Search code examples
rldaquantedatopicmodels

Seeding words into an LDA topic model in R


I have a dataset of news articles that have been collected based on the criteria that they use the term "euroscepticism" or "eurosceptic". I have been running topic models using the lda package (with dfm matrices built in quanteda) in order to identify the main topics of these articles; however, the words I am interested in do not appear in any of the topics. I want to therefore seed these words into the model, and I am not sure exactly how to do that.

I see that the package topicmodels allows for an argument called seedwords, which "can be specified as a matrix or an object class of simple_triplet_matrix", but there are no other instructions. It seems that a simple_triplet_matrix only takes integers, and not strings - does anyone know I would then seed the words 'euroscepticism' and 'eurosceptic' into the model?

Here is a shortened version of the code:

library("quanteda")
library("lda")

##Load UK texts/create corpus
UKcorp <- corpus(textfile(file="~Michael/DM6/*"))

##Create document feature matrix 
UKdfm2 <- dfm(UKcorp, ngrams =1, verbose = TRUE, toLower = TRUE,
         removeNumbers = TRUE, removePunct = TRUE, removeSeparators = TRUE,
         removeTwitter = FALSE, stem = TRUE, ignoredFeatures =     
         stopwords(kind="english"), keptFeatures = NULL, language = "english",     
         thesaurus = NULL, dictionary = NULL, valuetype = "fixed"))

##Convert to lda model 
UKlda2 <- convert(UKdfm2, to = "lda")

##run model
UKmod2 <- lda.collapsed.gibbs.sampler(UKlda2$documents, K = 15, UKlda2$vocab,  
          num.iterations = 1500, alpha = .1,eta = .01, initial = NULL, burnin 
          = NULL, compute.log.likelihood = TRUE, trace = 0L, freeze.topics = FALSE)

Solution

  • "Seeding" words in the topicmodels package is a different procedure, as it allows you when estimating through the collapsed Gibbs sampler to attach prior weights for words. (See for instance Jagarlamudi, J., Daumé, H., III, & Udupa, R. (2012). Incorporating lexical priors into topic models (pp. 204–213). Association for Computational Linguistics.) But this is part of an estimation strategy for topics, not a way of ensuring that key words of interest remain in your fitted topics. Unless you have set a threshold for removing them based on sparsity, before calling lad::lda.collapsed.gibbs.sampler(), then every term in your UKlda2$vocab vector will be assigned probabilities across topics.

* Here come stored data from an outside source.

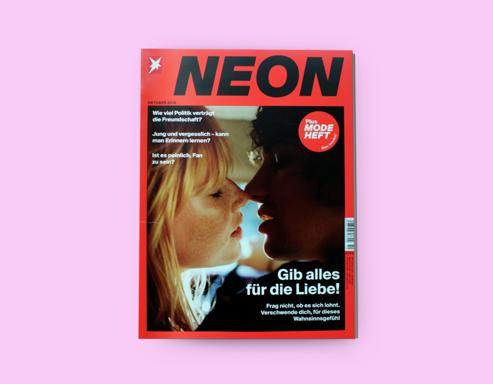What might the close-up image of two faces about to kiss signify in relation to the magazine's content? The close-up shot of two faces about to kiss captures a moment full of potential and intimacy. It signifies a focus on human emotion and personal stories. In relation to the magazine's content, it likely indicates that the issue contains articles about relationships, love, and connecting with others on a deep level, aligning with the overarching theme suggested by the cover's headline. 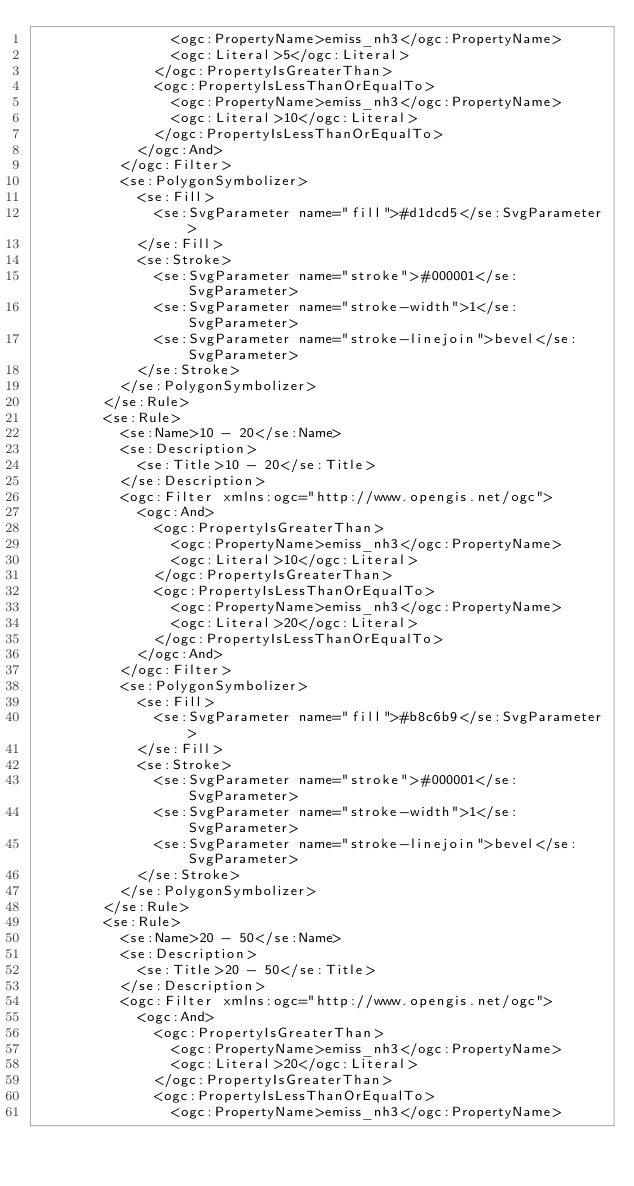Convert code to text. <code><loc_0><loc_0><loc_500><loc_500><_Scheme_>                <ogc:PropertyName>emiss_nh3</ogc:PropertyName>
                <ogc:Literal>5</ogc:Literal>
              </ogc:PropertyIsGreaterThan>
              <ogc:PropertyIsLessThanOrEqualTo>
                <ogc:PropertyName>emiss_nh3</ogc:PropertyName>
                <ogc:Literal>10</ogc:Literal>
              </ogc:PropertyIsLessThanOrEqualTo>
            </ogc:And>
          </ogc:Filter>
          <se:PolygonSymbolizer>
            <se:Fill>
              <se:SvgParameter name="fill">#d1dcd5</se:SvgParameter>
            </se:Fill>
            <se:Stroke>
              <se:SvgParameter name="stroke">#000001</se:SvgParameter>
              <se:SvgParameter name="stroke-width">1</se:SvgParameter>
              <se:SvgParameter name="stroke-linejoin">bevel</se:SvgParameter>
            </se:Stroke>
          </se:PolygonSymbolizer>
        </se:Rule>
        <se:Rule>
          <se:Name>10 - 20</se:Name>
          <se:Description>
            <se:Title>10 - 20</se:Title>
          </se:Description>
          <ogc:Filter xmlns:ogc="http://www.opengis.net/ogc">
            <ogc:And>
              <ogc:PropertyIsGreaterThan>
                <ogc:PropertyName>emiss_nh3</ogc:PropertyName>
                <ogc:Literal>10</ogc:Literal>
              </ogc:PropertyIsGreaterThan>
              <ogc:PropertyIsLessThanOrEqualTo>
                <ogc:PropertyName>emiss_nh3</ogc:PropertyName>
                <ogc:Literal>20</ogc:Literal>
              </ogc:PropertyIsLessThanOrEqualTo>
            </ogc:And>
          </ogc:Filter>
          <se:PolygonSymbolizer>
            <se:Fill>
              <se:SvgParameter name="fill">#b8c6b9</se:SvgParameter>
            </se:Fill>
            <se:Stroke>
              <se:SvgParameter name="stroke">#000001</se:SvgParameter>
              <se:SvgParameter name="stroke-width">1</se:SvgParameter>
              <se:SvgParameter name="stroke-linejoin">bevel</se:SvgParameter>
            </se:Stroke>
          </se:PolygonSymbolizer>
        </se:Rule>
        <se:Rule>
          <se:Name>20 - 50</se:Name>
          <se:Description>
            <se:Title>20 - 50</se:Title>
          </se:Description>
          <ogc:Filter xmlns:ogc="http://www.opengis.net/ogc">
            <ogc:And>
              <ogc:PropertyIsGreaterThan>
                <ogc:PropertyName>emiss_nh3</ogc:PropertyName>
                <ogc:Literal>20</ogc:Literal>
              </ogc:PropertyIsGreaterThan>
              <ogc:PropertyIsLessThanOrEqualTo>
                <ogc:PropertyName>emiss_nh3</ogc:PropertyName></code> 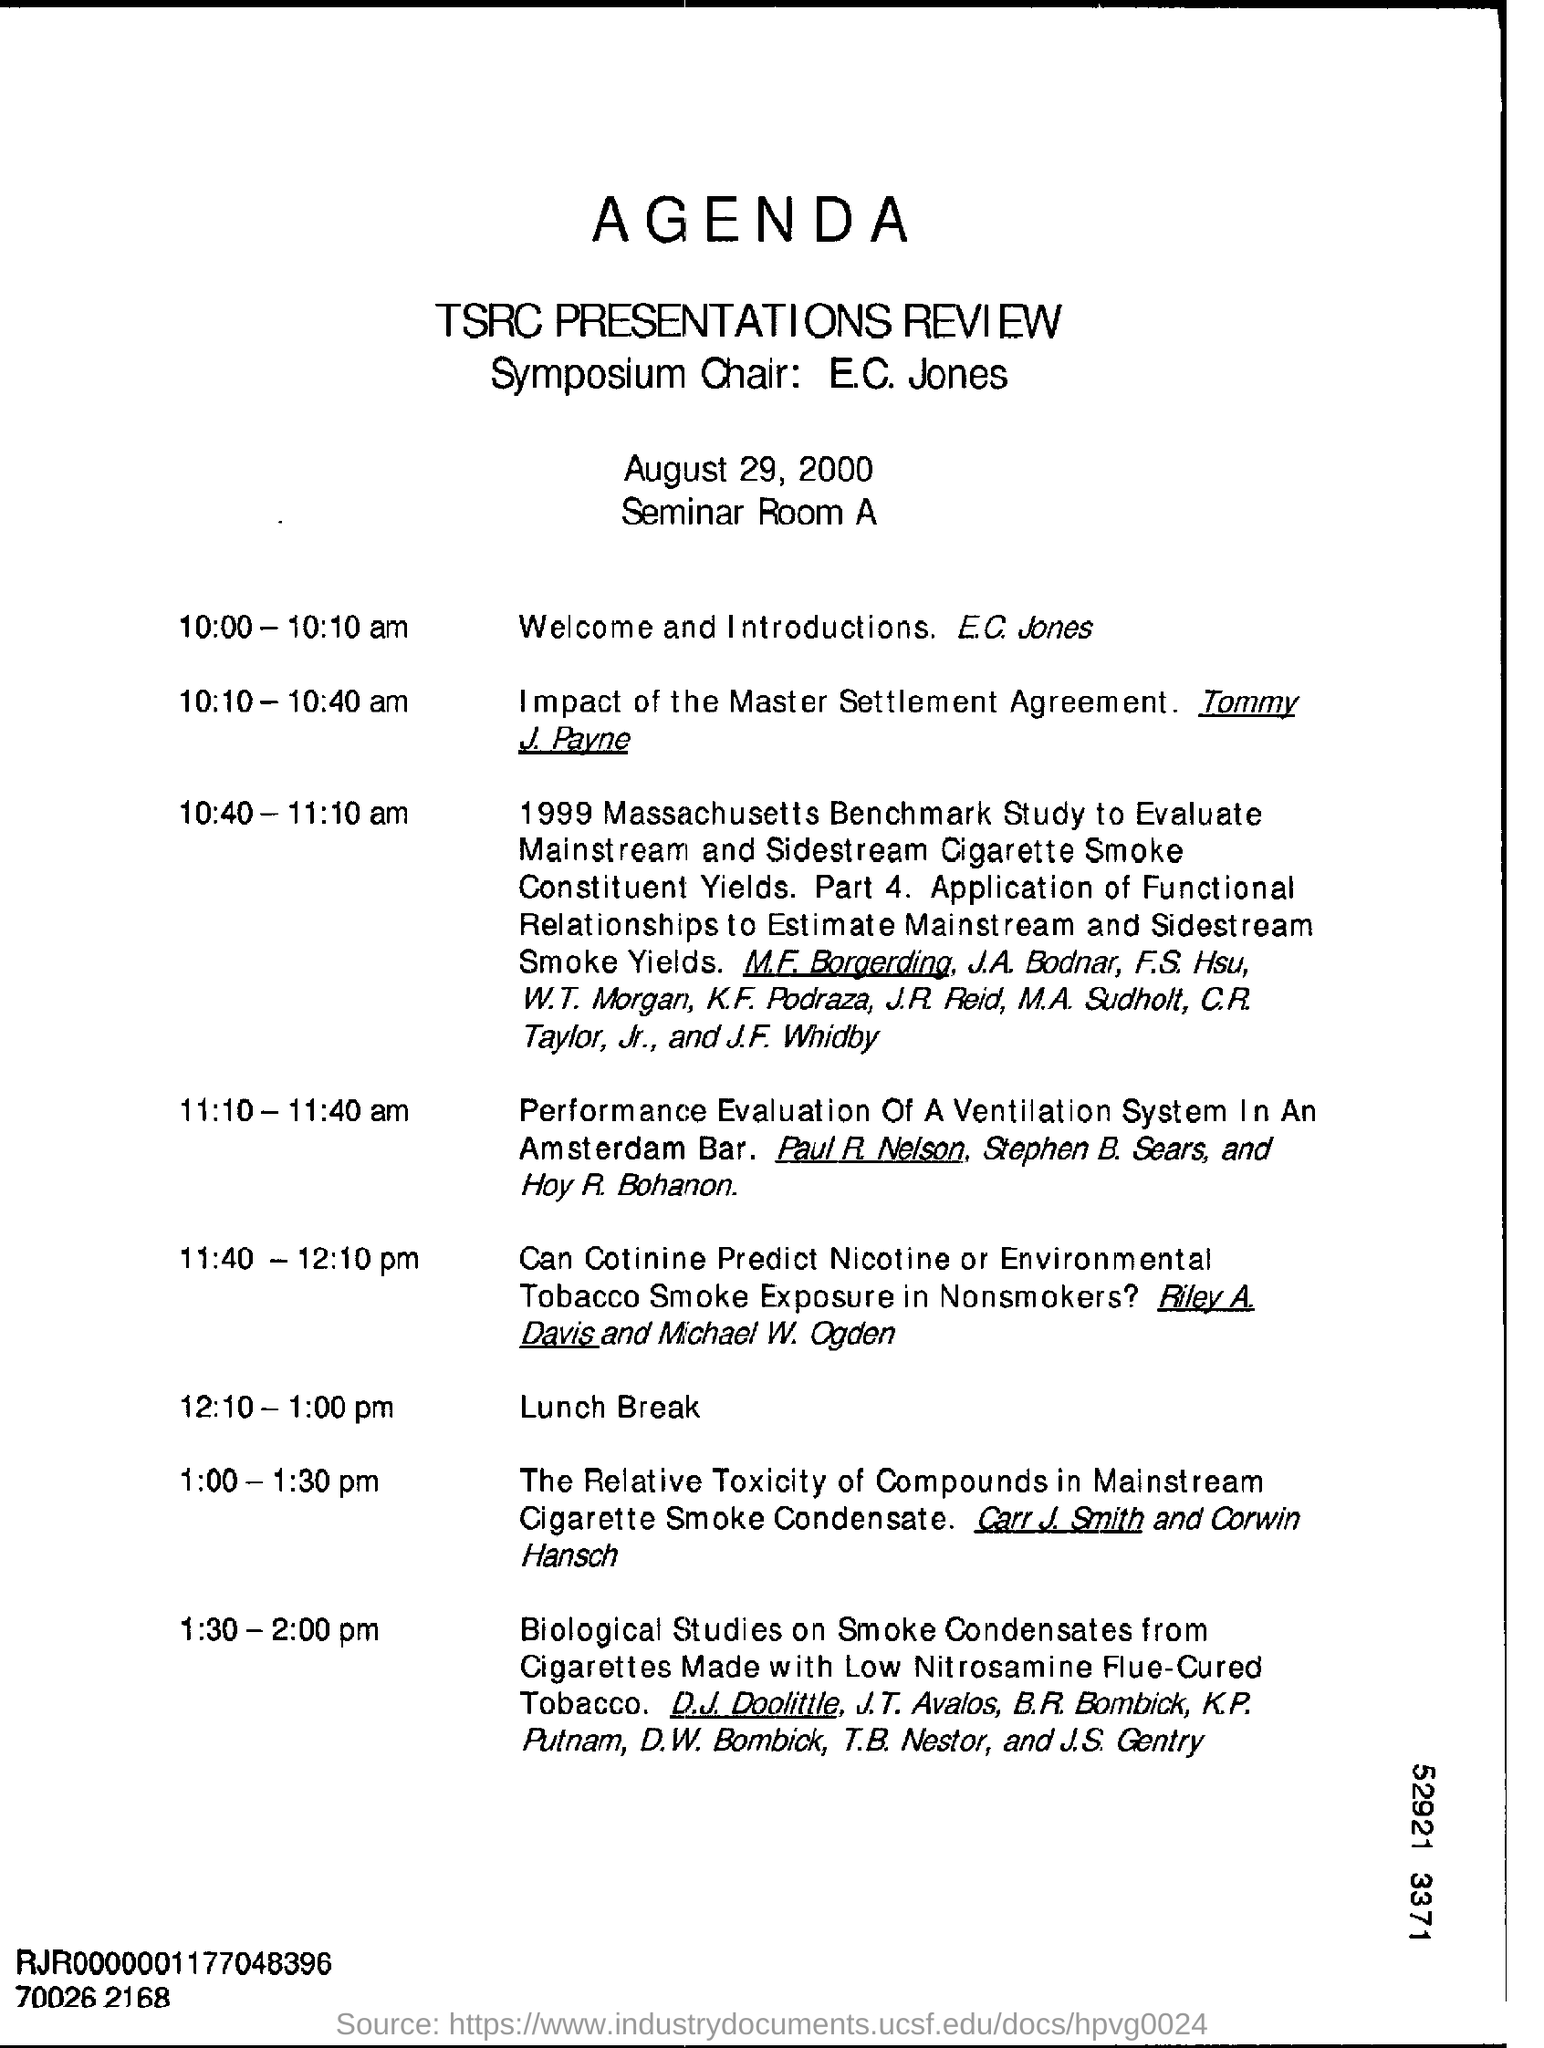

    Probably what is happening here is that your words are either of such low frequency that they are hard to locate near the top of any of your topics. It's also possible that stemming has changed them, e.g.:

    quanteda::char_wordstem("euroscepticism")
    ## [1] "eurosceptic"
    

    I suggest you make sure that your words exist in dfm first, through:

    colSums(UKdfm2)["eurosceptic"]
    

    And then you can look at the fitted distribution of topic proportions for this word and others in the fitted topic model object.